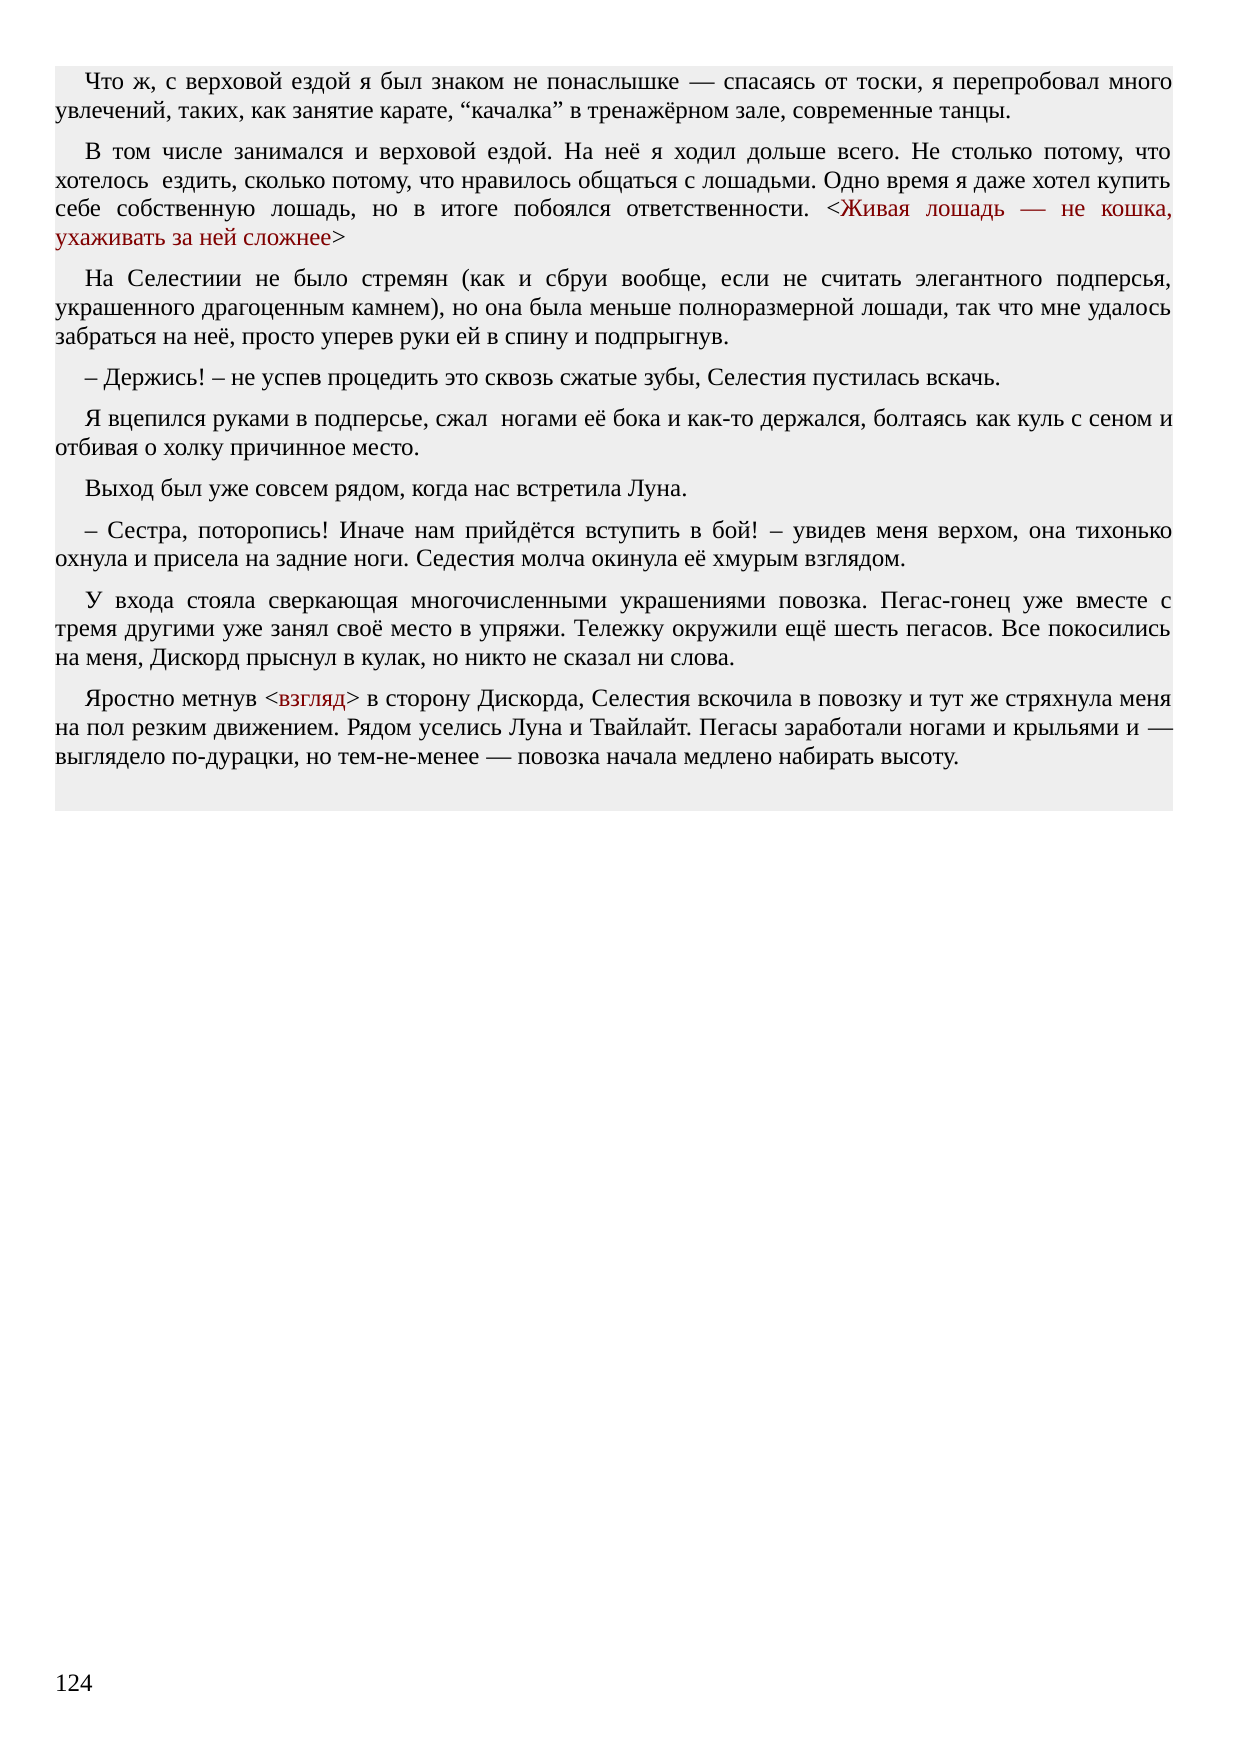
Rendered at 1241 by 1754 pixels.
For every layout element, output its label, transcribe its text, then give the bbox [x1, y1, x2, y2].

text Я вцепился руками в подперсье, сжал ногами её бока и как-то держался, болтаясь как куль с сеном и отбивая о холку причинное место. [55, 403, 1173, 461]
text В том числе занимался и верховой ездой. На неё я ходил дольше всего. Не столько потому, что хотелось ездить, сколько потому, что нравилось общаться с лошадьми. Одно время я даже хотел купить себе собственную лошадь, но в итоге побоялся ответственности. <Живая лошадь — не кошка, ухаживать за ней сложнее> [55, 136, 1173, 251]
text На Селестиии не было стремян (как и сбруи вообще, если не считать элегантного подперсья, украшенного драгоценным камнем), но она была меньше полноразмерной лошади, так что мне удалось забраться на неё, просто уперев руки ей в спину и подпрыгнув. [55, 263, 1173, 350]
text – Сестра, поторопись! Иначе нам прийдётся вступить в бой! – увидев меня верхом, она тихонько охнула и присела на задние ноги. Седестия молча окинула её хмурым взглядом. [55, 515, 1173, 572]
text У входа стояла сверкающая многочисленными украшениями повозка. Пегас-гонец уже вместе с тремя другими уже занял своё место в упряжи. Тележку окружили ещё шесть пегасов. Все покосились на меня, Дискорд прыснул в кулак, но никто не сказал ни слова. [55, 585, 1173, 671]
text Выход был уже совсем рядом, когда нас встретила Луна. [55, 473, 1173, 502]
text – Держись! – не успев процедить это сквозь сжатые зубы, Селестия пустилась вскачь. [55, 362, 1173, 391]
text Что ж, с верховой ездой я был знаком не понаслышке — спасаясь от тоски, я перепробовал много увлечений, таких, как занятие карате, “качалка” в тренажёрном зале, современные танцы. [55, 66, 1173, 123]
text Яростно метнув <взгляд> в сторону Дискорда, Селестия вскочила в повозку и тут же стряхнула меня на пол резким движением. Рядом уселись Луна и Твайлайт. Пегасы заработали ногами и крыльями и — выглядело по-дурацки, но тем-не-менее — повозка начала медлено набирать высоту. [55, 683, 1173, 770]
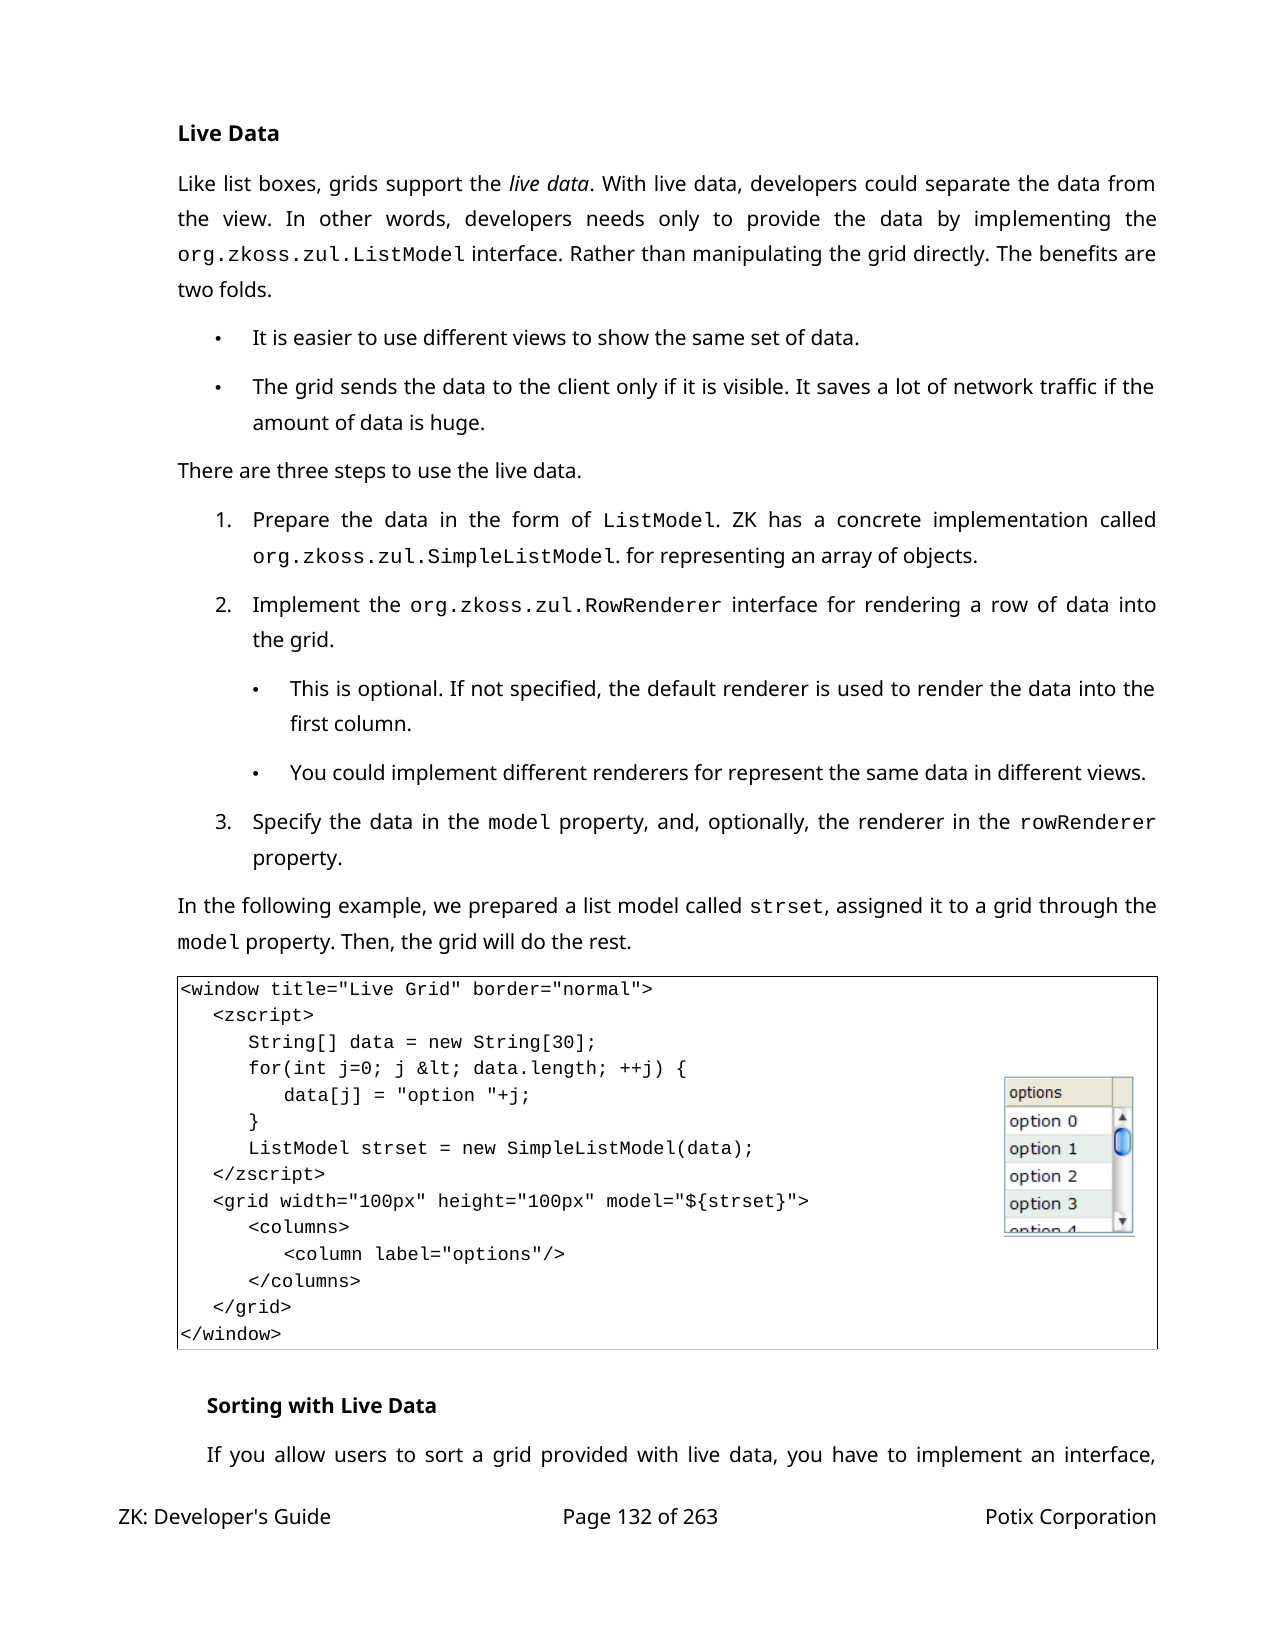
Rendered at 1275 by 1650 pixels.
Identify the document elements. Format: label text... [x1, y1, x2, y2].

####

§ WHAT IS REQUIRED
Where does "pixels" appear in the listing? Show every line that has it.

§ SOLVED PROBLEM
Rendered at 1241 by 1754 pixels.
Rendered at 1275 by 1650 pixels.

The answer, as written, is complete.